> Supplied records
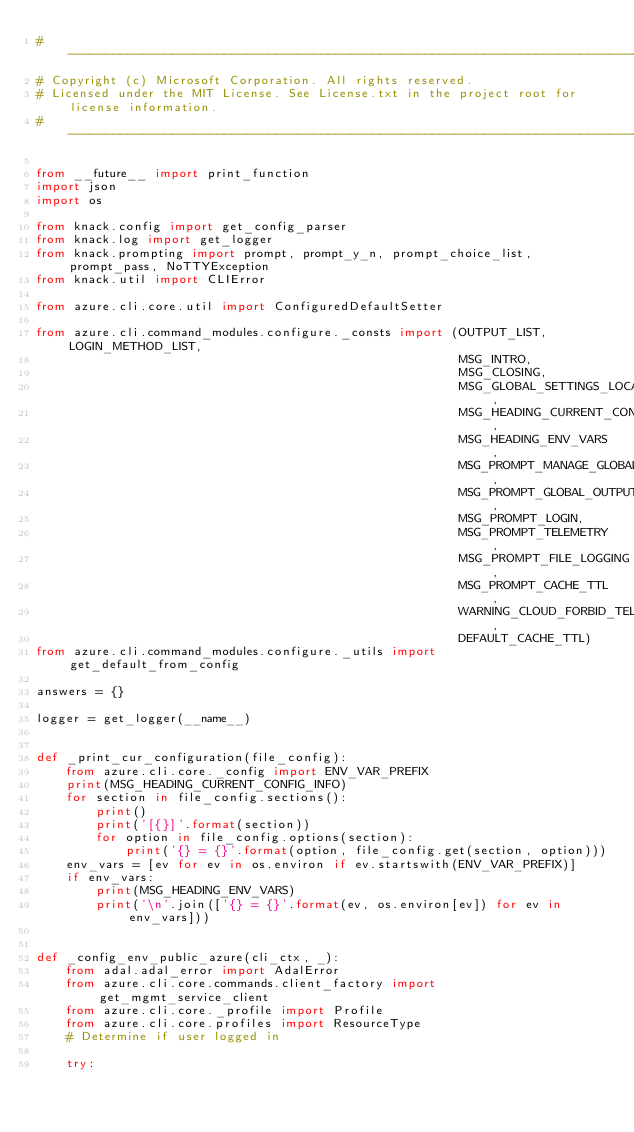<code> <loc_0><loc_0><loc_500><loc_500><_Python_># --------------------------------------------------------------------------------------------
# Copyright (c) Microsoft Corporation. All rights reserved.
# Licensed under the MIT License. See License.txt in the project root for license information.
# --------------------------------------------------------------------------------------------

from __future__ import print_function
import json
import os

from knack.config import get_config_parser
from knack.log import get_logger
from knack.prompting import prompt, prompt_y_n, prompt_choice_list, prompt_pass, NoTTYException
from knack.util import CLIError

from azure.cli.core.util import ConfiguredDefaultSetter

from azure.cli.command_modules.configure._consts import (OUTPUT_LIST, LOGIN_METHOD_LIST,
                                                         MSG_INTRO,
                                                         MSG_CLOSING,
                                                         MSG_GLOBAL_SETTINGS_LOCATION,
                                                         MSG_HEADING_CURRENT_CONFIG_INFO,
                                                         MSG_HEADING_ENV_VARS,
                                                         MSG_PROMPT_MANAGE_GLOBAL,
                                                         MSG_PROMPT_GLOBAL_OUTPUT,
                                                         MSG_PROMPT_LOGIN,
                                                         MSG_PROMPT_TELEMETRY,
                                                         MSG_PROMPT_FILE_LOGGING,
                                                         MSG_PROMPT_CACHE_TTL,
                                                         WARNING_CLOUD_FORBID_TELEMETRY,
                                                         DEFAULT_CACHE_TTL)
from azure.cli.command_modules.configure._utils import get_default_from_config

answers = {}

logger = get_logger(__name__)


def _print_cur_configuration(file_config):
    from azure.cli.core._config import ENV_VAR_PREFIX
    print(MSG_HEADING_CURRENT_CONFIG_INFO)
    for section in file_config.sections():
        print()
        print('[{}]'.format(section))
        for option in file_config.options(section):
            print('{} = {}'.format(option, file_config.get(section, option)))
    env_vars = [ev for ev in os.environ if ev.startswith(ENV_VAR_PREFIX)]
    if env_vars:
        print(MSG_HEADING_ENV_VARS)
        print('\n'.join(['{} = {}'.format(ev, os.environ[ev]) for ev in env_vars]))


def _config_env_public_azure(cli_ctx, _):
    from adal.adal_error import AdalError
    from azure.cli.core.commands.client_factory import get_mgmt_service_client
    from azure.cli.core._profile import Profile
    from azure.cli.core.profiles import ResourceType
    # Determine if user logged in

    try:</code>

> Task goal
The lines sought are those in the data above that include the string "section"; copy each one.

> Answer
    for section in file_config.sections():
        print('[{}]'.format(section))
        for option in file_config.options(section):
            print('{} = {}'.format(option, file_config.get(section, option)))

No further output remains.